Goal of the exercise
Since only the total matters, count the lines of these entries containing the word "sheet" and write that total alone.

· · ·

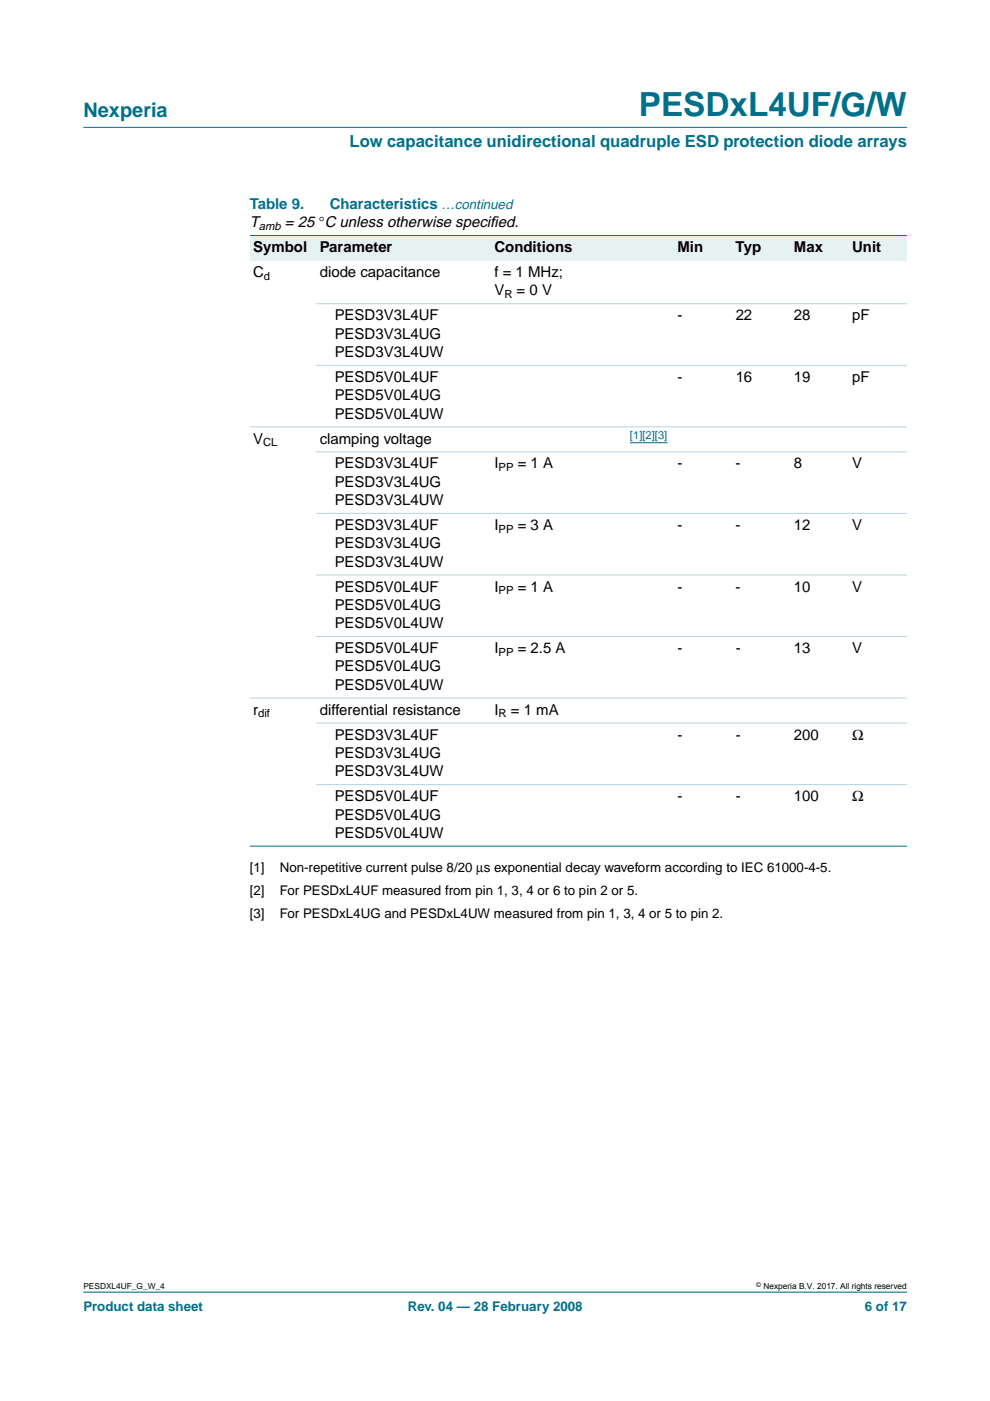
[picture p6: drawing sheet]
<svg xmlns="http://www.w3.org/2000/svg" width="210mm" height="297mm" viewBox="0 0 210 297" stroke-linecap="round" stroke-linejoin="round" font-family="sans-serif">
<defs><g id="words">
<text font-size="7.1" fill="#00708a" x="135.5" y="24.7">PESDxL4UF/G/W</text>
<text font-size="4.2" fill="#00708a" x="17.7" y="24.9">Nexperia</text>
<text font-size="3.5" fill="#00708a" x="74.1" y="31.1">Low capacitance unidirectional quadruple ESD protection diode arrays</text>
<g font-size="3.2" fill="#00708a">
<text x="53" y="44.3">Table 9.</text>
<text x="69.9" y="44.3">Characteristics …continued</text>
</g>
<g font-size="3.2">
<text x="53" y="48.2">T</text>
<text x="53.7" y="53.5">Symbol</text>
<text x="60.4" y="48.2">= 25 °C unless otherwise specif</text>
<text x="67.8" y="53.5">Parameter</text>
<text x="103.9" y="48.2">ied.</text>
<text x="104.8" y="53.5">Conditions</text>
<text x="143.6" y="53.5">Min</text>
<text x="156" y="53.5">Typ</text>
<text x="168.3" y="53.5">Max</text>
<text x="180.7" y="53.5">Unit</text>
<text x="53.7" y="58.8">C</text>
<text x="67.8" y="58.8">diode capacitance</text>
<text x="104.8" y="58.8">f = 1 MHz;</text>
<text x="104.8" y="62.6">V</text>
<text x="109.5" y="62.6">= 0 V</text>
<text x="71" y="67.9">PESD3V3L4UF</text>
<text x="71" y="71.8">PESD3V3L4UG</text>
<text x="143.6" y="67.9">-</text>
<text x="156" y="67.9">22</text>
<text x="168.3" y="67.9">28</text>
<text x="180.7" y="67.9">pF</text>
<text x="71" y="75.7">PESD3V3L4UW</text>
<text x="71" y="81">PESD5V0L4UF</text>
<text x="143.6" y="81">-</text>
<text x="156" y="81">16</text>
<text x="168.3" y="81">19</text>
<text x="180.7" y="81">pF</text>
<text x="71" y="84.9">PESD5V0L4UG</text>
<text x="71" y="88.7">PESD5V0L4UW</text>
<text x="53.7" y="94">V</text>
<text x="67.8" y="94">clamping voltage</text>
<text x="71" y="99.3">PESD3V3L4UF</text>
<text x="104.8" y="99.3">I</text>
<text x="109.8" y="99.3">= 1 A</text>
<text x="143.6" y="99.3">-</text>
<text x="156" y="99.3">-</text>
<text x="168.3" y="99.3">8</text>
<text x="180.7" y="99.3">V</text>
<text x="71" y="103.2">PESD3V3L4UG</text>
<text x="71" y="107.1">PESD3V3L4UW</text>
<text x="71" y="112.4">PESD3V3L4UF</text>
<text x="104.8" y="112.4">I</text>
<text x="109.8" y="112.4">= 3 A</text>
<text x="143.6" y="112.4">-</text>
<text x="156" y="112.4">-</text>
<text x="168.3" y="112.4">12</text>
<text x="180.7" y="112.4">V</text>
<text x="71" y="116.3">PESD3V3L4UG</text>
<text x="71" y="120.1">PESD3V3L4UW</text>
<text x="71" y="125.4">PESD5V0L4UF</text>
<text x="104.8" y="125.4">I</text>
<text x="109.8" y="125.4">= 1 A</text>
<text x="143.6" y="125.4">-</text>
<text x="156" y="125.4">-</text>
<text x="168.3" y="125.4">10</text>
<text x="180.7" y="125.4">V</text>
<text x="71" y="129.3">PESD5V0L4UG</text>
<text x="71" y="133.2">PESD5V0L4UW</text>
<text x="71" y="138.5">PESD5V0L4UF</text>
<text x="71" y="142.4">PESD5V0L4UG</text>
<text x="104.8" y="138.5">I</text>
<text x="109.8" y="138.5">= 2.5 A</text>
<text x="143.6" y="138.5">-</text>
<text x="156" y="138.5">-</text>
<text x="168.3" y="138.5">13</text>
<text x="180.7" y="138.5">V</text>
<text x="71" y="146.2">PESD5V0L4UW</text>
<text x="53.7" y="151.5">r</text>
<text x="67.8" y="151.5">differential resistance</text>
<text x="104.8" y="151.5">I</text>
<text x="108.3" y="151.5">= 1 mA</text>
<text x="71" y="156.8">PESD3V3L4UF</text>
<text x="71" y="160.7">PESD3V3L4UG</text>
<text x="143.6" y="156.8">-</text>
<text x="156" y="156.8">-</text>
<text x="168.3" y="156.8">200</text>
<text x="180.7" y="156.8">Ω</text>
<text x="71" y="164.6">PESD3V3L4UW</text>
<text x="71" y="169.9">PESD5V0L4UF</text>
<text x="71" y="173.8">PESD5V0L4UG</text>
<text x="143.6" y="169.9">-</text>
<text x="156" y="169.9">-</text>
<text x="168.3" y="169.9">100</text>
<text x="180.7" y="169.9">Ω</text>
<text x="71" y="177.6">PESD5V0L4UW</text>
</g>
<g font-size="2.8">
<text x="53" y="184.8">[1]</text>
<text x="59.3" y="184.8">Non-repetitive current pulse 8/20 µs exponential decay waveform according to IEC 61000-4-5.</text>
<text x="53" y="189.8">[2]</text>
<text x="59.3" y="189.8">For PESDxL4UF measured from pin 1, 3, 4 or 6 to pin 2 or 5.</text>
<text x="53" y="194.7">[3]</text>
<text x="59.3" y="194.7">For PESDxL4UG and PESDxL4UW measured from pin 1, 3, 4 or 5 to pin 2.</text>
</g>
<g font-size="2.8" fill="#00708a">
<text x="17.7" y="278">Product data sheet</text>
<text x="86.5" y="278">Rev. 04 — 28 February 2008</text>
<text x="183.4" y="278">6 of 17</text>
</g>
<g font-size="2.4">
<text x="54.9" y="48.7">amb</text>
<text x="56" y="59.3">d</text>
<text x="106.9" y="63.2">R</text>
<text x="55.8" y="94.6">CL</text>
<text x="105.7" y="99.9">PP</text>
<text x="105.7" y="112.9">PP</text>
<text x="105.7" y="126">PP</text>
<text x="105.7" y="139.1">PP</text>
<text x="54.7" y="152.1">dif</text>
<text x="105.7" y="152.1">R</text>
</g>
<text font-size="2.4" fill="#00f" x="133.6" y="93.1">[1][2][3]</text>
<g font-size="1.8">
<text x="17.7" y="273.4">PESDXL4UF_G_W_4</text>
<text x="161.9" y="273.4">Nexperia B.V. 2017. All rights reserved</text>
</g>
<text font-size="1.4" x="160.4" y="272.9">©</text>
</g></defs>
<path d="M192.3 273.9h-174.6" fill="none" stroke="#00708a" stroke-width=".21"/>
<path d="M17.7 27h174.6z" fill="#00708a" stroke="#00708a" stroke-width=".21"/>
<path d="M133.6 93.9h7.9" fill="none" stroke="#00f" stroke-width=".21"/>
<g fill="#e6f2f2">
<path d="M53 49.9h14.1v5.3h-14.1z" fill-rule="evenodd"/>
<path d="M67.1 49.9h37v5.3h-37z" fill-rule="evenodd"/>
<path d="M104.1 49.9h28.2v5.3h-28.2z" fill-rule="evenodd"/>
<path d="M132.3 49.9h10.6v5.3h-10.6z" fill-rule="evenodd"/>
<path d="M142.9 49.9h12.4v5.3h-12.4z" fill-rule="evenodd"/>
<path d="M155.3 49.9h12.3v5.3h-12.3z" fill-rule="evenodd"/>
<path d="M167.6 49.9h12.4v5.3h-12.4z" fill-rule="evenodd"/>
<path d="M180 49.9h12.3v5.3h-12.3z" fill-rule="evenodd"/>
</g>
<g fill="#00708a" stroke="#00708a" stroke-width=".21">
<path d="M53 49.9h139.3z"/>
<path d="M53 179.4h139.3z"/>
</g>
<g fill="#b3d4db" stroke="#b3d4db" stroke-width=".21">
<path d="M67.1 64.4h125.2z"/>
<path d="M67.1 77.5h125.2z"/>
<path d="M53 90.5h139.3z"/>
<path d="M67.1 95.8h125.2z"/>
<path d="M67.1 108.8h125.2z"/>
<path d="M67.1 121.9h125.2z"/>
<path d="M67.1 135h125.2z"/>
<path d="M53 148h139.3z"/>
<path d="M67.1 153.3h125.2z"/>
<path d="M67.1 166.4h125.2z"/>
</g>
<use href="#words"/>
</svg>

· · ·

Exercise result
2